* YOUR TASK: From the first line to the last, output the records exactly and drop any images.

[Data items]
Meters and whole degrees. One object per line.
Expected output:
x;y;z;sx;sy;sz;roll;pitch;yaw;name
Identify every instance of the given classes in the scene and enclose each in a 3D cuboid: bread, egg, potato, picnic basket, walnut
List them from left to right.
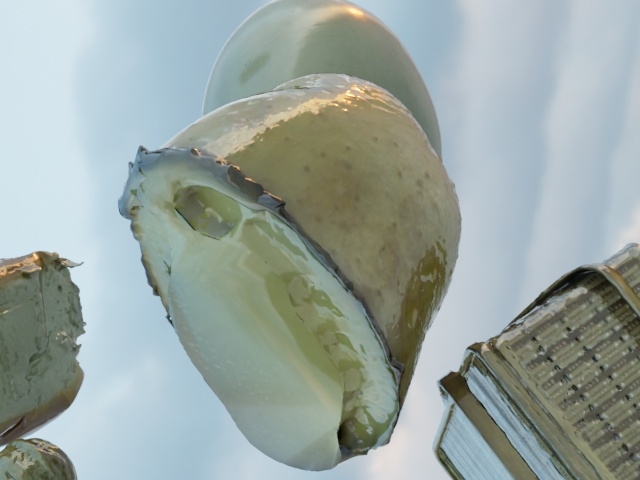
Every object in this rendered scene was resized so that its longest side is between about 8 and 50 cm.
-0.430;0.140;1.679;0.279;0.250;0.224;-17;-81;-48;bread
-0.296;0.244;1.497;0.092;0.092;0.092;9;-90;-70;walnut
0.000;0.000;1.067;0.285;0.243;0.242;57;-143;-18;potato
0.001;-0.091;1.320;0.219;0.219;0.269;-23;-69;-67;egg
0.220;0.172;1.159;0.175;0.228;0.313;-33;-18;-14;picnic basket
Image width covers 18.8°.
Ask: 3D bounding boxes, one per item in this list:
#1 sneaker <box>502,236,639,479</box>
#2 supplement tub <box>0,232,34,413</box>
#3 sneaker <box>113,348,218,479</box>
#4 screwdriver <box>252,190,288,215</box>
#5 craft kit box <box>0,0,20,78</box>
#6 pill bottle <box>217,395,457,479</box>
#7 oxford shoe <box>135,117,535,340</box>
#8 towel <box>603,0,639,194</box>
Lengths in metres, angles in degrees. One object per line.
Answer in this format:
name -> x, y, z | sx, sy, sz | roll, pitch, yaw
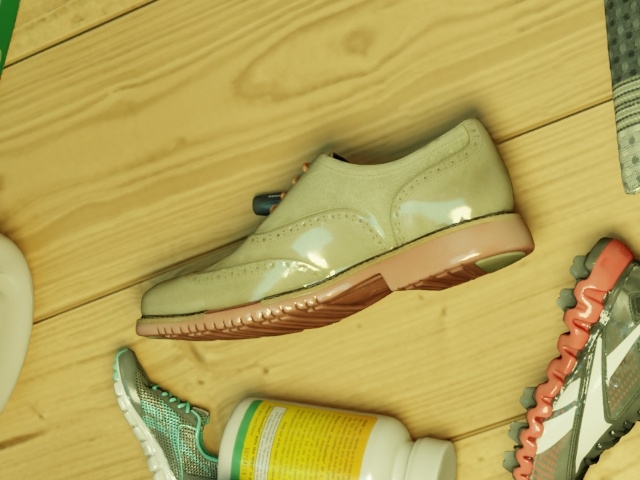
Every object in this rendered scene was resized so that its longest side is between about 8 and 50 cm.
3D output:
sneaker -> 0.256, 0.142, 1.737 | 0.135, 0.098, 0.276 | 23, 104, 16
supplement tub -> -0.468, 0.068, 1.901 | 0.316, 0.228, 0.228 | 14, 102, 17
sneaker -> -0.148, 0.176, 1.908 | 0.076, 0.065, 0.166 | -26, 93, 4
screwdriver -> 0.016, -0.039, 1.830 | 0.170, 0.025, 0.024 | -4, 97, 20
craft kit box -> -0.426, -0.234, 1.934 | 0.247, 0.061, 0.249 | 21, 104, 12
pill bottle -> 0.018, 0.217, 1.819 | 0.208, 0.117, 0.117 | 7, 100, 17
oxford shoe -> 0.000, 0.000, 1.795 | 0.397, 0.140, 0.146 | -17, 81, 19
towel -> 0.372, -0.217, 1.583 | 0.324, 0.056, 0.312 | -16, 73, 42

* SOLUTION TO THIS TASK:
Meters and whole degrees. One object per line.
Expected output:
x;y;z;sx;sy;sz;roll;pitch;yaw;name
Identify every instance of the given classes in the scene and enclose each in a 3D cuboid: bread, egg, potato, picnic basket, walnut
List them from left to right.
Every object in this rendered scene was resized so that its longest side is between about 8 and 50 cm.
-0.430;0.140;1.679;0.279;0.250;0.224;-17;-81;-48;bread
-0.296;0.244;1.497;0.092;0.092;0.092;9;-90;-70;walnut
0.000;0.000;1.067;0.285;0.243;0.242;57;-143;-18;potato
0.001;-0.091;1.320;0.219;0.219;0.269;-23;-69;-67;egg
0.220;0.172;1.159;0.175;0.228;0.313;-33;-18;-14;picnic basket
Image width covers 18.8°.
Ask: 3D bounding boxes, one per item in this list:
#1 sneaker <box>502,236,639,479</box>
#2 supplement tub <box>0,232,34,413</box>
#3 sneaker <box>113,348,218,479</box>
#4 screwdriver <box>252,190,288,215</box>
#5 craft kit box <box>0,0,20,78</box>
#6 pill bottle <box>217,395,457,479</box>
#7 oxford shoe <box>135,117,535,340</box>
#8 towel <box>603,0,639,194</box>
Lengths in metres, angles in degrees. One object per line.
Answer in this format:
name -> x, y, z | sx, sy, sz | roll, pitch, yaw
Every object in this rendered scene was resized so that its longest side is between about 8 and 50 cm.
3D output:
sneaker -> 0.256, 0.142, 1.737 | 0.135, 0.098, 0.276 | 23, 104, 16
supplement tub -> -0.468, 0.068, 1.901 | 0.316, 0.228, 0.228 | 14, 102, 17
sneaker -> -0.148, 0.176, 1.908 | 0.076, 0.065, 0.166 | -26, 93, 4
screwdriver -> 0.016, -0.039, 1.830 | 0.170, 0.025, 0.024 | -4, 97, 20
craft kit box -> -0.426, -0.234, 1.934 | 0.247, 0.061, 0.249 | 21, 104, 12
pill bottle -> 0.018, 0.217, 1.819 | 0.208, 0.117, 0.117 | 7, 100, 17
oxford shoe -> 0.000, 0.000, 1.795 | 0.397, 0.140, 0.146 | -17, 81, 19
towel -> 0.372, -0.217, 1.583 | 0.324, 0.056, 0.312 | -16, 73, 42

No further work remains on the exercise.